Le voyage du ballon rouge
Hou Hsiao Hsien occupe une place prééminente dans le panorama mondial du cinéma d’auteur. Un Olympe où le spectateur lambda a parfois du mal à se hisser. Pour le dernier film du réalisateur taiwanais, il n’aura qu à se laisser soulever par ce ballon rouge, qui l’y emmènera sans mal. Comme moi, il devrait ressortir de la projection sous le charme.
Pour la deuxième expérience du metteur en scène à l’étranger en trois films, la Seine a remplacé la Sumida. Le voyage du ballon rouge est la libre adaptation du film français Le ballon rouge d’Albert Lamorisse. Ce projet est né d’une commande du Musée d’Orsay à des cinéastes pour son vingtième anniversaire. Leur seule obligation consistait à faire apparaître le musée au moins une fois dans le film.
Suzanne, marionnettiste, engage Fang Song, étudiante en cinéma pour s’occuper son fils de sept ans, Simon. Suzanne est trop prise par la préparation de son nouveau spectacle pour lui accorder suffisamment de temps, tandis que le père du garçon a disparu au Canada depuis deux ans pour écrire son roman. Simon est suivi par un mystérieux ballon rouge. La jeune chinoise, double d’Hou Hsiao Hsien, découvre la vie de cette famille d’artistes parisiens avec sa caméra.
Le réalisateur taiwanais a une nouvelle fois choisi de donner la vedette à un personnage féminin. Une femme qui doit mener sa carrière professionnelle, être mère, tout en s’occupant de sa vie affective. Elle est débordée par les deux premières et la dernière est à la dérive. Suzanne est cependant bien décidée à prendre le taureau par les cornes. Heureusement, elle est aussi obstinée que Zhang Yu, dont elle raconte l’histoire dans le spectacle de marionnettes qu’elle prépare. L’érudit chinois veut faire bouillir l’océan pour retrouver sa bien-aimée.
Le voyage du ballon rouge est ancré dans le quotidien. Le réalisateur s’attarde sur tous ces petits riens qui font les journées de Simon : les parties de flipper, les trajets en métro, la découverte d’un nouveau jouet en la caméra de Fang Song...

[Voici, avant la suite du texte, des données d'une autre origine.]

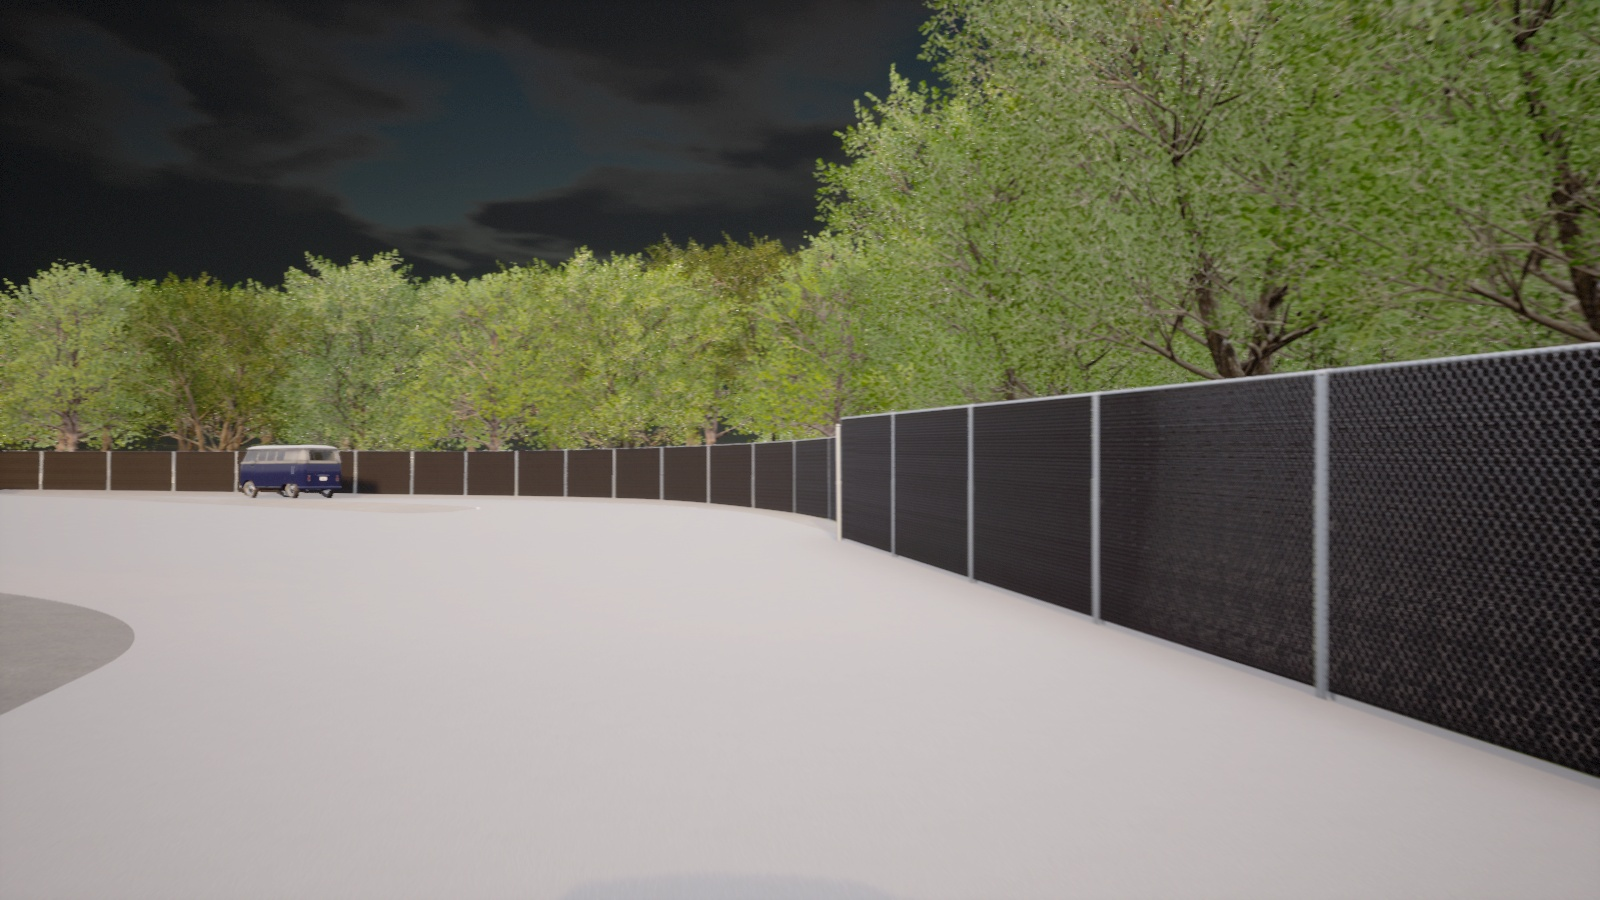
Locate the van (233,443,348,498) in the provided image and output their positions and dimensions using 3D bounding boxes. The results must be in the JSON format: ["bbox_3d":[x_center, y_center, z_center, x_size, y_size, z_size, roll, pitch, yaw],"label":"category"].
[{"bbox_3d":[-19.036,0.782,46.882,4.442,1.987,1.775,-1,-2,34],"label":"van"}]
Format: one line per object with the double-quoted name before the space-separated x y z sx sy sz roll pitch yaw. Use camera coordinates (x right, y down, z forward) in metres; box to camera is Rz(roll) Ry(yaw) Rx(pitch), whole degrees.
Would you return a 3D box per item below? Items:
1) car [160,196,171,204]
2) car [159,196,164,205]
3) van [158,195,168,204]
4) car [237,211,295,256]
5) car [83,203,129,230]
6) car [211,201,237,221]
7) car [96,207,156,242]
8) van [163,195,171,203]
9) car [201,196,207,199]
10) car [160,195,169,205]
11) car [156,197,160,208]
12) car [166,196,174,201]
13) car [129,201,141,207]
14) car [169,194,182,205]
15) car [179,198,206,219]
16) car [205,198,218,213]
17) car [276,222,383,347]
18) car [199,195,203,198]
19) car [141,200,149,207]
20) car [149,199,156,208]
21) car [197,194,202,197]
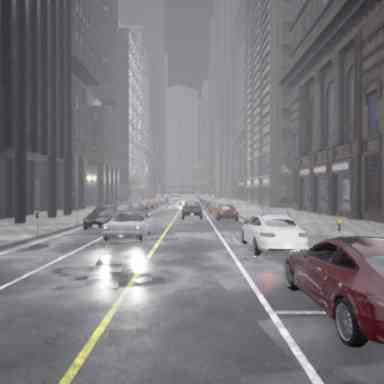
"car" -5.794 1.639 72.401 1.967 1.590 4.097 -1 0 0
"car" -5.757 1.701 49.902 2.008 1.369 4.403 -1 0 0
"van" -5.786 1.528 66.776 1.690 1.788 3.998 -1 0 0
"car" 3.126 1.571 13.215 1.812 1.442 4.674 0 0 0
"car" -5.712 1.639 21.778 1.947 1.339 4.313 -1 0 0
"car" 2.805 1.673 27.423 1.802 1.307 4.206 -1 0 0
"car" -3.129 1.658 16.902 1.895 1.301 4.718 0 0 0
"van" -5.804 1.549 78.026 1.690 1.788 3.998 -1 0 0
"car" 2.768 1.702 49.921 2.008 1.369 4.403 -1 0 0
"car" -5.775 1.727 61.151 2.008 1.369 4.403 -1 0 0
"car" -5.748 1.682 44.277 1.887 1.381 4.507 -1 0 0
"car" -5.819 1.807 89.275 1.802 1.307 4.206 -1 0 0
"car" -5.721 1.635 27.403 1.887 1.381 4.507 -1 0 0
"car" -3.101 1.459 62.188 2.150 2.045 5.566 0 0 0
"car" 0.020 1.606 30.383 1.837 1.490 4.892 0 0 0
"car" 2.786 1.648 38.842 1.752 1.417 4.829 -1 0 0
"car" 3.138 1.547 6.215 1.812 1.442 4.674 0 0 0
"car" 2.750 1.721 61.169 1.887 1.381 4.507 -1 0 0
"car" -5.731 1.651 33.028 1.887 1.381 4.507 -1 0 0
"car" -5.739 1.667 38.653 1.887 1.381 4.507 -1 0 0
"car" 2.724 1.753 78.043 1.887 1.381 4.507 -1 0 0
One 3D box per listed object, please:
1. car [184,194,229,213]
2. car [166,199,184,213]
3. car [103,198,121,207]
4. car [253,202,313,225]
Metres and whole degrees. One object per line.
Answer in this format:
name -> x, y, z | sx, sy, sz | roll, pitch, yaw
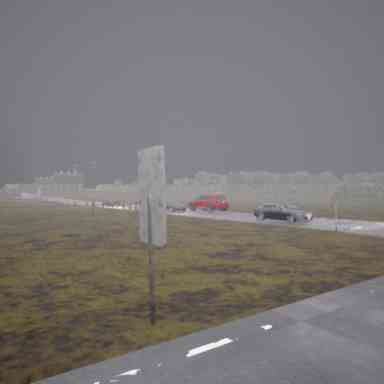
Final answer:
car -> 1.824, 1.237, 37.843 | 2.150, 2.045, 5.566 | -2, 1, -36
car -> -2.480, 1.603, 38.816 | 1.837, 1.490, 4.892 | -2, 1, -35
car -> -13.085, 1.697, 53.864 | 1.994, 1.385, 4.181 | -2, 1, -35
car -> 6.915, 1.569, 25.623 | 2.128, 1.511, 4.902 | -2, 1, -35
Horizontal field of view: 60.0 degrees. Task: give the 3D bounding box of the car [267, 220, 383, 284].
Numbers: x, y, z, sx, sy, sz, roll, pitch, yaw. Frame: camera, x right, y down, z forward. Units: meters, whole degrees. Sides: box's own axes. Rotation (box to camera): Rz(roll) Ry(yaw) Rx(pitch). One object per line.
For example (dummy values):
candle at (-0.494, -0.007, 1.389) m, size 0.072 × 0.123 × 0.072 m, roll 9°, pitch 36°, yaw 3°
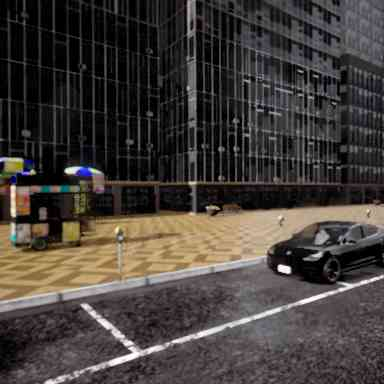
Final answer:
car at (4.044, 1.511, 9.440) m, size 4.313 × 1.339 × 1.947 m, roll 0°, pitch 0°, yaw -35°
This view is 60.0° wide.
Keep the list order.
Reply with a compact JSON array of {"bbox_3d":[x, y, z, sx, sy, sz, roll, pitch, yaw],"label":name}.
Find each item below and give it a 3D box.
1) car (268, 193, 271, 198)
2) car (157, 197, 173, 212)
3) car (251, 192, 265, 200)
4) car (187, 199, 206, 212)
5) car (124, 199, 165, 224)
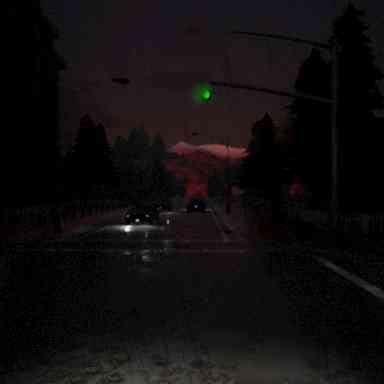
[{"bbox_3d":[18.584,1.017,83.178,1.970,1.475,3.806,0,0,2],"label":"car"},{"bbox_3d":[-3.179,1.364,36.941,1.837,1.490,4.892,0,0,2],"label":"car"},{"bbox_3d":[15.343,1.042,75.867,1.845,1.501,3.633,0,0,2],"label":"car"},{"bbox_3d":[0.462,1.425,35.889,1.994,1.385,4.181,0,0,1],"label":"car"},{"bbox_3d":[-3.518,1.463,24.495,2.033,1.411,5.357,0,0,2],"label":"car"}]
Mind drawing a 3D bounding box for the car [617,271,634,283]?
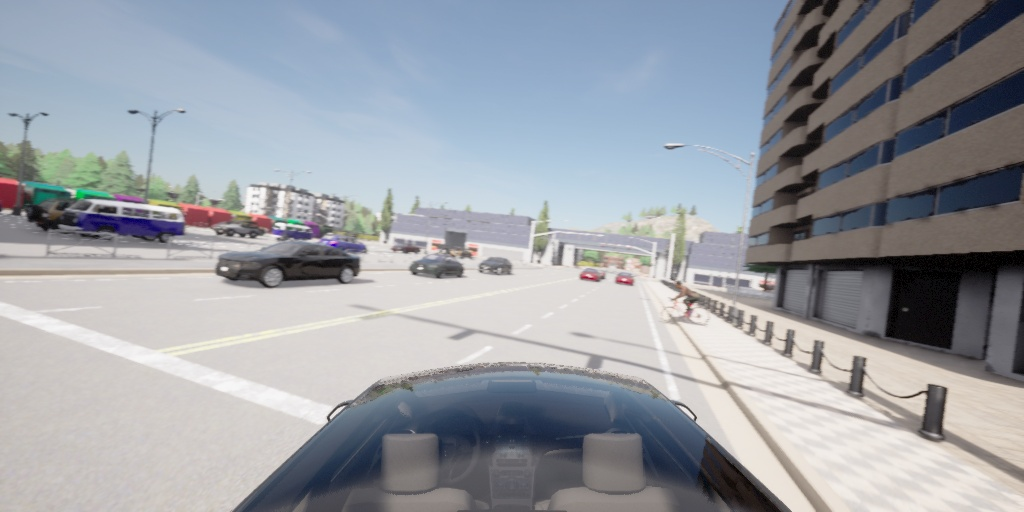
[{"bbox_3d":[15.444,2.831,48.530,1.895,1.301,4.718,7,1,19],"label":"car"}]

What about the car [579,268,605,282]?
[{"bbox_3d":[8.680,2.050,39.499,1.994,1.385,4.181,7,1,20],"label":"car"}]

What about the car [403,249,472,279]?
[{"bbox_3d":[-4.591,0.585,22.447,1.994,1.385,4.181,7,1,19],"label":"car"}]

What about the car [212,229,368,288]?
[{"bbox_3d":[-7.764,0.193,13.061,1.882,1.535,5.008,7,1,19],"label":"car"}]

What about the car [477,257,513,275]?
[{"bbox_3d":[-1.383,0.834,31.882,1.837,1.490,4.892,7,1,19],"label":"car"}]

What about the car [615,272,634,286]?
[{"bbox_3d":[12.643,2.524,40.207,1.994,1.385,4.181,7,1,18],"label":"car"}]

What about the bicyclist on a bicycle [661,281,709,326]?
[{"bbox_3d":[6.437,1.779,13.404,1.656,1.620,0.582,-2,-2,19],"label":"bicyclist on a bicycle"}]
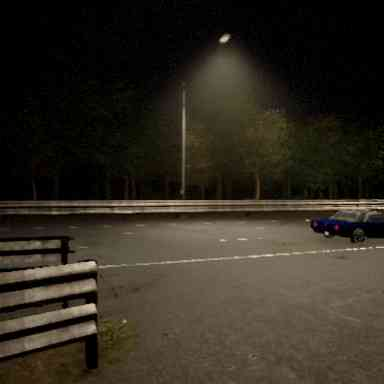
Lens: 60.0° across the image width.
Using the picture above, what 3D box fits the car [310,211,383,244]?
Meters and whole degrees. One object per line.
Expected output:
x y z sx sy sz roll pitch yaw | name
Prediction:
7.853 1.500 15.045 4.718 1.301 1.895 1 0 -20 | car
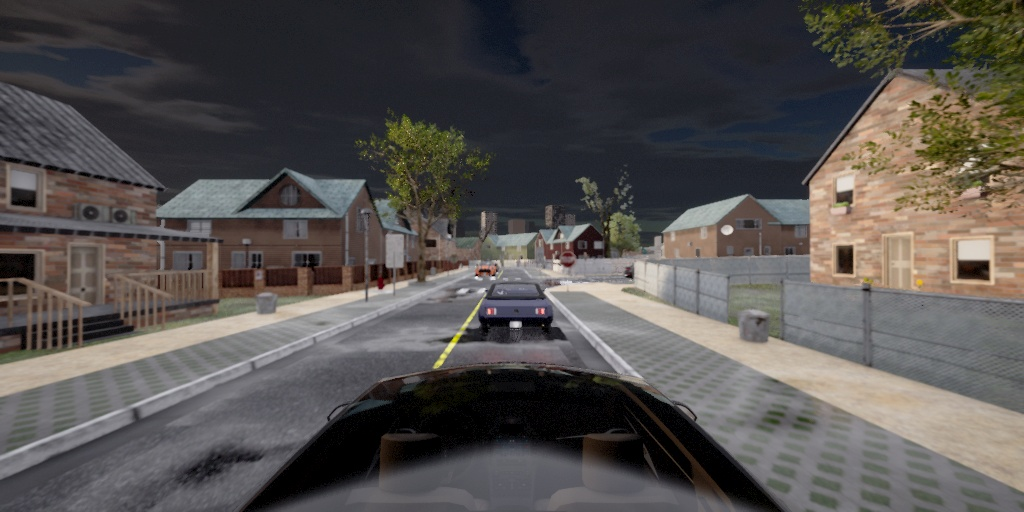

La grande réussite film repose sur l’harmonie entre le « jeu » des acteurs et la manière de filmer d’Hou Hsiao Hsien. Mention très spéciale à Juliette Binoche, l’interprète de Suzanne qui illumine le film de sa présence. Elle est criante de vérité avec ses cheveux teints en blond et sa mise légèrement débraillée. A ses côtés, Simon Iteanu est un vrai petit garçon, et non, comme bien souvent, un enfant de la balle qui en remontrerait au plus chevronné des professionnels.
Au naturel des acteurs répond la capacité d’Hou Hsiao Hsien à capter le réel. Je ne suis pas un adorateur de la chronique réaliste, mais j’avoue avoir été bluffé. Sa manière de filmer semble être « naturelle », évidente. Les « manipulations » sont limitées au strict minimum, et ce qui pourrait considéré comme un défaut devient une qualité : un bus qui s’arrête quelques secondes en plein dans le champ, des reflets sur une vitre... Finalement, si un enfant apercevant le tournage en cours fait un signe de la main à la caméra, est-ce si grave que cela pour le film ? Son style n’atteint peut-être pas les sommets de ses précédents films, mais il est là pour servir son propos. Et le résultat est particulièrement plaisant.
Le voyage du ballon rouge est sorti sur les écrans français le mercredi 30 janvier 2008.